A test chip element of × 3.2 mm was sealed in 16 pDIP. Thereafter, post cure was performed at 175 ° C. for 8 hours. The test semiconductor device was stored in an air atmosphere at 185 ° C., and the electrical resistance was measured at regular temperature at regular intervals. The total number of the test semiconductor devices was set to 10, and a device whose electric resistance value was twice as large as the initial value was regarded as a defect. Solder crack resistance: 0.1% at 175 ° C., 70 kg / cm ² , 120 seconds using a low pressure transfer molding machine.
A 9mm x 0.9mm test chip element is 80pQF
P sealed. Thereafter, post cure was performed at 175 ° C. for 8 hours. Processing at 85 ° C and 85% humidity, IR reflow 2
Surface cracks were observed at 40 ° C.

Examples 2 to 7 and Comparative Examples 1 and 2 Resin compositions were prepared in the same manner as in Example 1 according to the formulations shown in Table 1, and evaluated in the same manner as in Example 1. Table 1 shows the evaluation results. The epoxy resin of Example 4 used the hydroquinone type epoxy compound of the formula (7).

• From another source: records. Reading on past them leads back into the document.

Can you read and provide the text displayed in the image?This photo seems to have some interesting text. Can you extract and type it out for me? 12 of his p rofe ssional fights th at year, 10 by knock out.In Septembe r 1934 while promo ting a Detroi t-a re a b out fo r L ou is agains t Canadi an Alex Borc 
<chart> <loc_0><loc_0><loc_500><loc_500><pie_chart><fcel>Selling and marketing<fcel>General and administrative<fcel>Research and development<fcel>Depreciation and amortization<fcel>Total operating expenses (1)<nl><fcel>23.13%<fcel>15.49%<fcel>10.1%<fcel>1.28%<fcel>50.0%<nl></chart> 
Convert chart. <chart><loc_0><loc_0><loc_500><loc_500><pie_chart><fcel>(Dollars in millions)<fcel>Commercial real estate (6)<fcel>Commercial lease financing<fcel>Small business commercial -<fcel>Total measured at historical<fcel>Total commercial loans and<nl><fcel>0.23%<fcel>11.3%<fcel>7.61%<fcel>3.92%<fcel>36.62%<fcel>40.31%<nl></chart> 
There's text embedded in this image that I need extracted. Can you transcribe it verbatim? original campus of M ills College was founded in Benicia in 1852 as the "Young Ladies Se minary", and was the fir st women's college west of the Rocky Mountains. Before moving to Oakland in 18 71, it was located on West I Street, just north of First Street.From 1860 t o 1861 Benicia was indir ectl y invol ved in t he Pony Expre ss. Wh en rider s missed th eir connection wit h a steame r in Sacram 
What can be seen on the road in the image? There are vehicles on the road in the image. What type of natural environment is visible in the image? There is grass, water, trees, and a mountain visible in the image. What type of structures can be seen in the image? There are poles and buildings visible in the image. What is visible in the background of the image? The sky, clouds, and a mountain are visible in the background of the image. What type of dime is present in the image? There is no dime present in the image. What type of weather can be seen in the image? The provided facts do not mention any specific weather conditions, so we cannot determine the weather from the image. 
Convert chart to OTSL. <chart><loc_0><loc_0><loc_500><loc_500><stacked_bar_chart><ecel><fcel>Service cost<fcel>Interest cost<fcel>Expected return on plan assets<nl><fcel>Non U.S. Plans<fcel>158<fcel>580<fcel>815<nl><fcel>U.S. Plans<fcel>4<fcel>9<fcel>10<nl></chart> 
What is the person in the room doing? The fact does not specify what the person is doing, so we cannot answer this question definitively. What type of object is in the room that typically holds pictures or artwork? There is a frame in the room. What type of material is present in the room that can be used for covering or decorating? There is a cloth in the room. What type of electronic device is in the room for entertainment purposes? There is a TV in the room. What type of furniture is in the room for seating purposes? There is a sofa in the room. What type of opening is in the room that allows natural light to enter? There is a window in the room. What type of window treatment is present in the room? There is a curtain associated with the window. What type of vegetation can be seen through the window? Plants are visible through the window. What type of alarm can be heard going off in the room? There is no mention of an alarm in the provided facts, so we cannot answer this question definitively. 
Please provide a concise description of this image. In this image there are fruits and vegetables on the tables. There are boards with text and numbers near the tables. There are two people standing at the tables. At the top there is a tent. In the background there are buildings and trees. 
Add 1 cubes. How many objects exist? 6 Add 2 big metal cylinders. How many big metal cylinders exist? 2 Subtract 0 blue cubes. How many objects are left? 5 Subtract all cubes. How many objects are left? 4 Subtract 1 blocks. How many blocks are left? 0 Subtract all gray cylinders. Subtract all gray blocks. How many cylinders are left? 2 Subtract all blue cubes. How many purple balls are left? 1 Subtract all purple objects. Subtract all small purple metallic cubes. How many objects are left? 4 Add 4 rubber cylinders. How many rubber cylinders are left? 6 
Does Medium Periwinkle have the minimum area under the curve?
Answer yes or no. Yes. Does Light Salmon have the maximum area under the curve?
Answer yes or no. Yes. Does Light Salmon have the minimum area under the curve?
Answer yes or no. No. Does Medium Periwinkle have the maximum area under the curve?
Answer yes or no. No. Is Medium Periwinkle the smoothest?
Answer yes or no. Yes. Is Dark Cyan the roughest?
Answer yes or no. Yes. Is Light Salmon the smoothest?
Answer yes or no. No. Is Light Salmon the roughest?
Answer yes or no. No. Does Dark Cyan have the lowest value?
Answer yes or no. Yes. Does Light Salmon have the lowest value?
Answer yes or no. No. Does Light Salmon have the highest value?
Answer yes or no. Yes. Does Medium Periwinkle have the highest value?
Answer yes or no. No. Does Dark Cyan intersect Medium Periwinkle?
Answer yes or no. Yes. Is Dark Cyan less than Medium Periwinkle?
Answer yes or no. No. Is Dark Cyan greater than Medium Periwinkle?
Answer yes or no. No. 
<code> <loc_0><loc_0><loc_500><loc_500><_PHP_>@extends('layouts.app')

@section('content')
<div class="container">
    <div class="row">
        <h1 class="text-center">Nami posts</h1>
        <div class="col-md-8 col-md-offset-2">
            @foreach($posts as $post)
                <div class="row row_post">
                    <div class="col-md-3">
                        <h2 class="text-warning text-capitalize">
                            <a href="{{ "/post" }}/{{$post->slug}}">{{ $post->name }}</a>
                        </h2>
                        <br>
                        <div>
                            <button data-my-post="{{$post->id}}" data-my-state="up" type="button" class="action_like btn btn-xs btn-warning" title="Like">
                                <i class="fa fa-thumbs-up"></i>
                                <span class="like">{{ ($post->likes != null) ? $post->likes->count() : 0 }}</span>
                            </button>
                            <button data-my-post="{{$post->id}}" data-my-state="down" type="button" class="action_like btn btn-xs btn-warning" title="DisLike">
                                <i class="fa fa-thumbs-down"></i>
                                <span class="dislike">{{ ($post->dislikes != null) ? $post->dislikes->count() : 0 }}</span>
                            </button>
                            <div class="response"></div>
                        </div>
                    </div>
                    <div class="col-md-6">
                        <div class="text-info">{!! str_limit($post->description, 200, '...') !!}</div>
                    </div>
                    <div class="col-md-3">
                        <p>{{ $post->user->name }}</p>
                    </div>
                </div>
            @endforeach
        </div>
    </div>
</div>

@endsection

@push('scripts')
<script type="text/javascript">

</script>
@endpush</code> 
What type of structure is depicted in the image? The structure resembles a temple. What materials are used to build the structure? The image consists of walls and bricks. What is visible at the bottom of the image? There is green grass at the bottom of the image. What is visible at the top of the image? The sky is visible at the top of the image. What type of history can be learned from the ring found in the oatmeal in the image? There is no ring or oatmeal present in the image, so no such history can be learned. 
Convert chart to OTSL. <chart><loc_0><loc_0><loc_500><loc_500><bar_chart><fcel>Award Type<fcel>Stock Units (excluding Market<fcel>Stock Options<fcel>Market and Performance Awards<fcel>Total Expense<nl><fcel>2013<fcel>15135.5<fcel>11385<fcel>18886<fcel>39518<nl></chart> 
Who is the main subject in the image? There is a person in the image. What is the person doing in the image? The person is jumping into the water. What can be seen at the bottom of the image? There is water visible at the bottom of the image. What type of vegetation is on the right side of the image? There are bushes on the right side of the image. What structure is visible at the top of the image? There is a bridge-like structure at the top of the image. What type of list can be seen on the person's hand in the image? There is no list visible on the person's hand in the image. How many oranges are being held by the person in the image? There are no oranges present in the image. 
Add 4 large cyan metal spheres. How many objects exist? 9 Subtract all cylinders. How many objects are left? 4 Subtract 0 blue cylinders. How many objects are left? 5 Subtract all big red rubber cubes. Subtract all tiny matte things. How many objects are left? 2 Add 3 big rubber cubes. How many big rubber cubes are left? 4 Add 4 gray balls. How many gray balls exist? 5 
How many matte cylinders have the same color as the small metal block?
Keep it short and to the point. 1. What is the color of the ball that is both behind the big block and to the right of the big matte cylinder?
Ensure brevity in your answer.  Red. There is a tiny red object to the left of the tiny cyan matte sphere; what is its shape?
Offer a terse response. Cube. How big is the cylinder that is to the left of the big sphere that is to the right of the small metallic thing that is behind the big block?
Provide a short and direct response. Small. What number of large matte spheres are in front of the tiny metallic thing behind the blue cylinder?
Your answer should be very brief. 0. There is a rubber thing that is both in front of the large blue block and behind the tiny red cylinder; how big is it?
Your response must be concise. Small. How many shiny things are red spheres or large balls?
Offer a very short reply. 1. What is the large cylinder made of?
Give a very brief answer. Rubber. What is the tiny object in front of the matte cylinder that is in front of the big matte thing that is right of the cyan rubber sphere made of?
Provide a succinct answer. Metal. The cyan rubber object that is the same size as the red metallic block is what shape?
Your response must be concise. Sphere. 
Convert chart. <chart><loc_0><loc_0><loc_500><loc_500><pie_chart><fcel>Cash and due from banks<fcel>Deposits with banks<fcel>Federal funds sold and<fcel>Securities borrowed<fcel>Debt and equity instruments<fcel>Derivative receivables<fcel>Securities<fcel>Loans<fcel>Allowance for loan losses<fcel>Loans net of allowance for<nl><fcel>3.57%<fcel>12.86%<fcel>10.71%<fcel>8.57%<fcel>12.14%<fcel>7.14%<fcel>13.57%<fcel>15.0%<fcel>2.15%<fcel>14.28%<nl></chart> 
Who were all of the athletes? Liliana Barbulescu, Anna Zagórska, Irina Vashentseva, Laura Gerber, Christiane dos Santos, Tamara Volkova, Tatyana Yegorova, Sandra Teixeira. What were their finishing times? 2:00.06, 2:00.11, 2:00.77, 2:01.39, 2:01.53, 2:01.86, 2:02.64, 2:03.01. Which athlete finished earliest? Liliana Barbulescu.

The stilbene type epoxy compound of the formula (8) was used as the epoxy resin of Example 5. The ion scavenger 1 of Example 6 was obtained from BiO _a (OH) _b (N
O ₃ ) _c (HSiO ₃ ) _d (where a = 1, b = 0.7, c
+ D = 0.3). The ion scavenger 2 of Example 7 is DHT-4H (hydrotalcite-based compound) manufactured by Kyowa Chemical Industry Co., Ltd.

[0015]

Embedded image

[0016]

[Table 1]

[0017]

As described above, by encapsulating a semiconductor element with the resin composition of the present invention, a semiconductor device excellent in high-temperature storage property can be obtained.

Continued on the front page (51) Int.Cl. ⁶ Identification code FI C08K 3/22 C08K 3/22 3/24 3/24 3/26 3/26 9/02 9/02 H01L 23/29 H01L 23/30 R 23/31

Claims (5)

[Claims] 1. An epoxy resin, (B) a phenol resin curing agent, (C) a curing accelerator, (D) an inorganic filler, and (E) zinc molybdate as essential components. Epoxy resin composition for semiconductor encapsulation. 2. The epoxy resin composition for semiconductor encapsulation according to claim 1, wherein the zinc molybdate is coated with an inorganic material. 3. The epoxy resin composition for semiconductor encapsulation according to claim 1, wherein the epoxy resin is a crystalline epoxy compound represented by formulas (1) to (3). Embedded image (R in the formulas (1) to (3) represents a halogen atom or an alkyl group having 1 to 12 carbon atoms, and may be the same or different.) 4. The semiconductor sealing epoxy resin composition according to claim 1, further comprising an ion scavenger represented by the formulas (4) to (6). Epoxy resin composition. _{BiO a (OH) b (NO} 3) c (4) ( wherein, a = 0.9~1.1, b = 0.6~0.8 , c = 0~0.4) BiO a (OH ) _B (NO ₃ ) _c (HSiO ₃ ) _d (5) (where a = 0.9 to 1.1, b = 0.6 to 0.8, c + d = 0.2 to 0.4) Mg _x Al _y (OH) _{2x + 3y-2z} (CO ₃ ) _z · mH ₂ O (6) (where 0 <y / x ≦ 1, 0 ≦ z / y <1.5, and m is a positive number) 5. A semiconductor device encapsulated with the epoxy resin composition for semiconductor encapsulation according to claim 1, 2, 3, or 4.